Pair Trading with ConocoPhillips and Devon Energy

The main advantage of trading using opposite ConocoPhillips and Devon Energy positions is that it hedges away some unsystematic risk. Because of two separate transactions, even if ConocoPhillips position performs unexpectedly, Devon Energy can make up some of the losses. Pair trading also minimizes risk from directional movements in the market. For example, if an entire industry or sector drops because of unexpected headlines, the short position in Devon Energy will offset losses from the drop in Devon Energy's long position.

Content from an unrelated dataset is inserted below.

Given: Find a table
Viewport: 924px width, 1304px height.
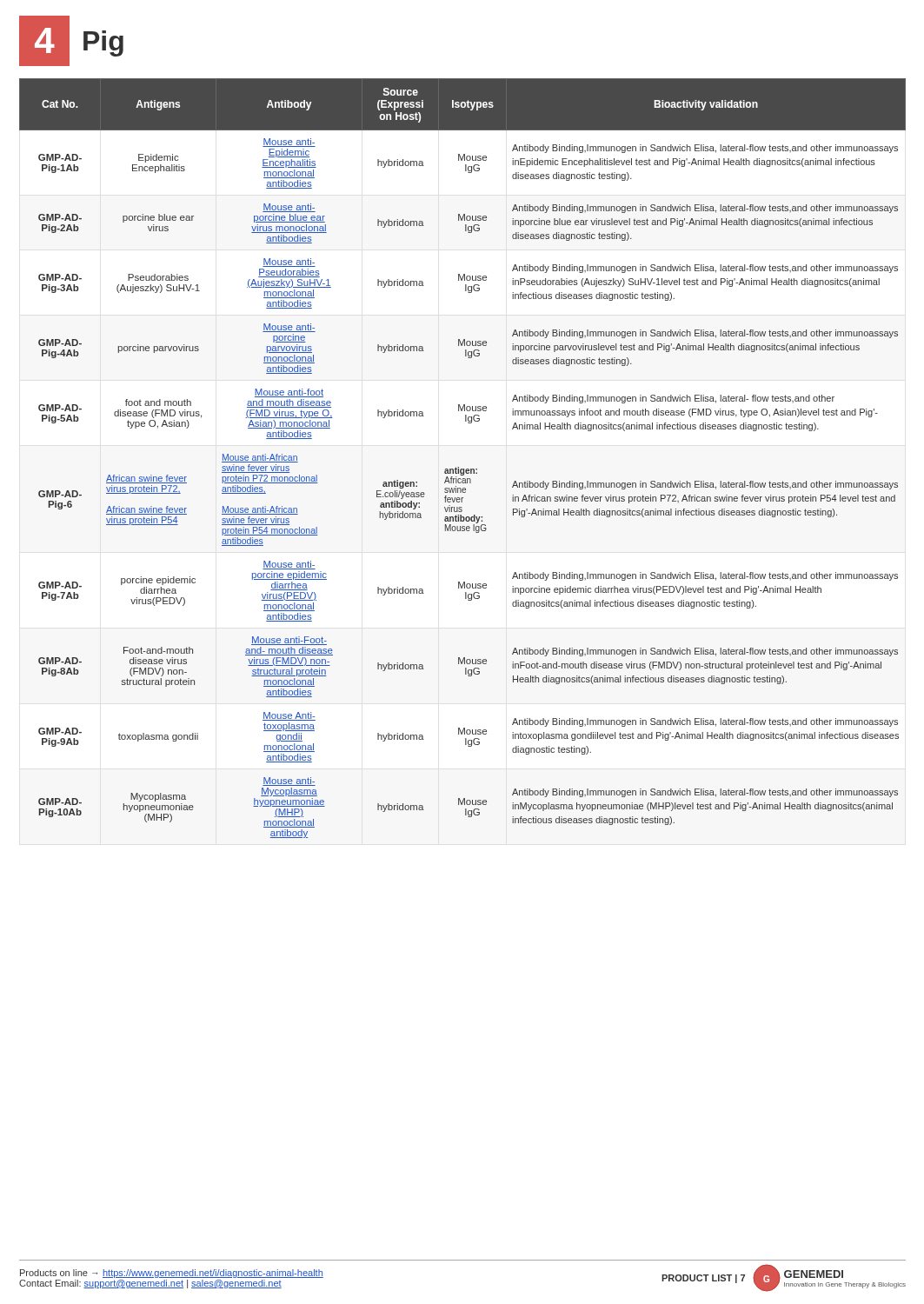Looking at the screenshot, I should 462,462.
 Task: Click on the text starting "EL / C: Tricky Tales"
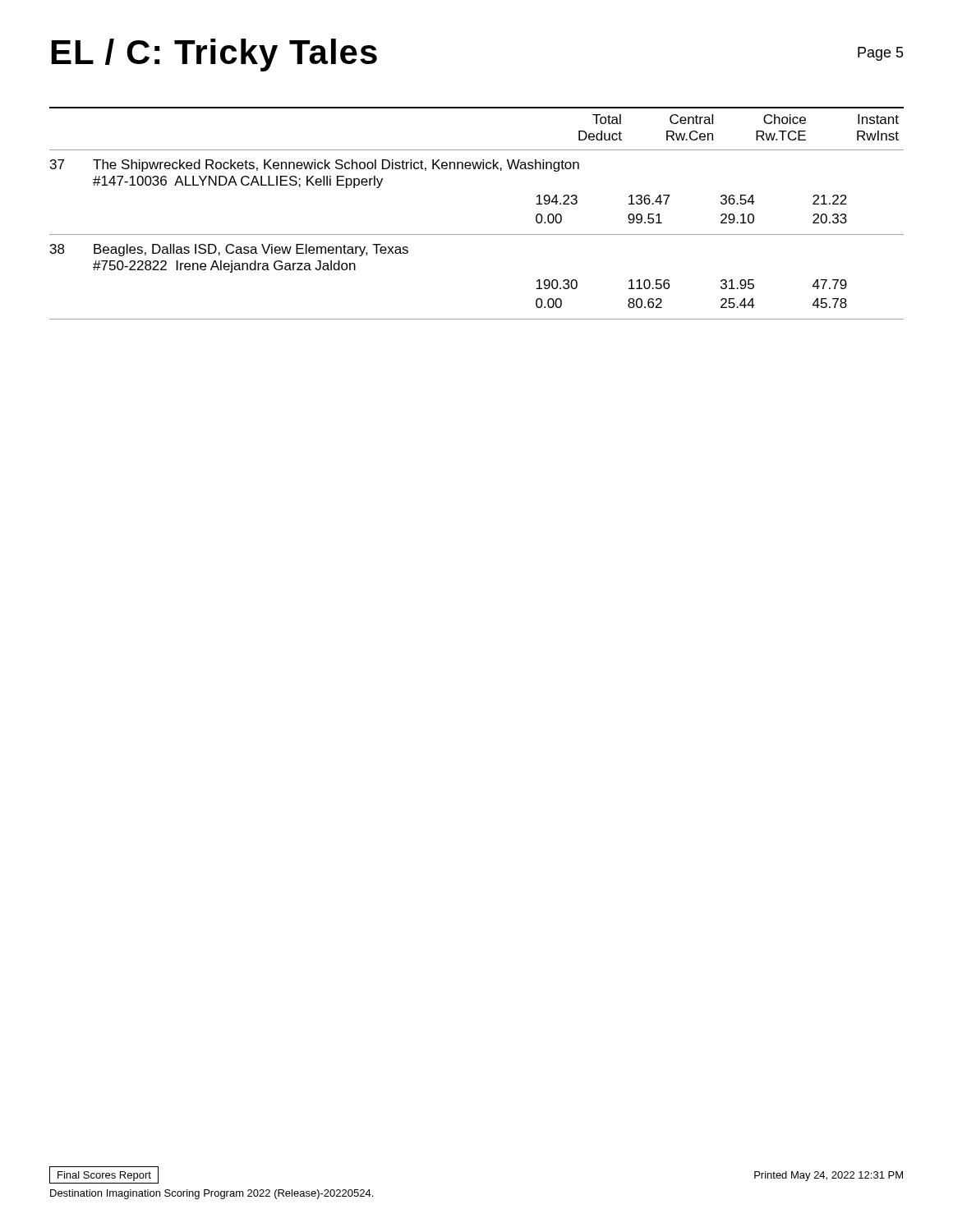214,52

The idea behind ConocoPhillips and Devon Energy pairs trading is to make the combined position market-neutral, meaning the overall market's direction will not affect its win or loss (or potential downside or upside). This can be achieved by designing a pairs trade with two highly correlated stocks or equities that operate in a similar space or sector, making it possible to obtain profits through simple and relatively low-risk investment.
Check out your portfolio center.
Note that this page's information should be used as a complementary analysis to find the right mix of equity instruments to add to your existing portfolios or create a brand new portfolio. You can also try the Pair Correlation module to compare performance and examine fundamental relationship between any two equity instruments.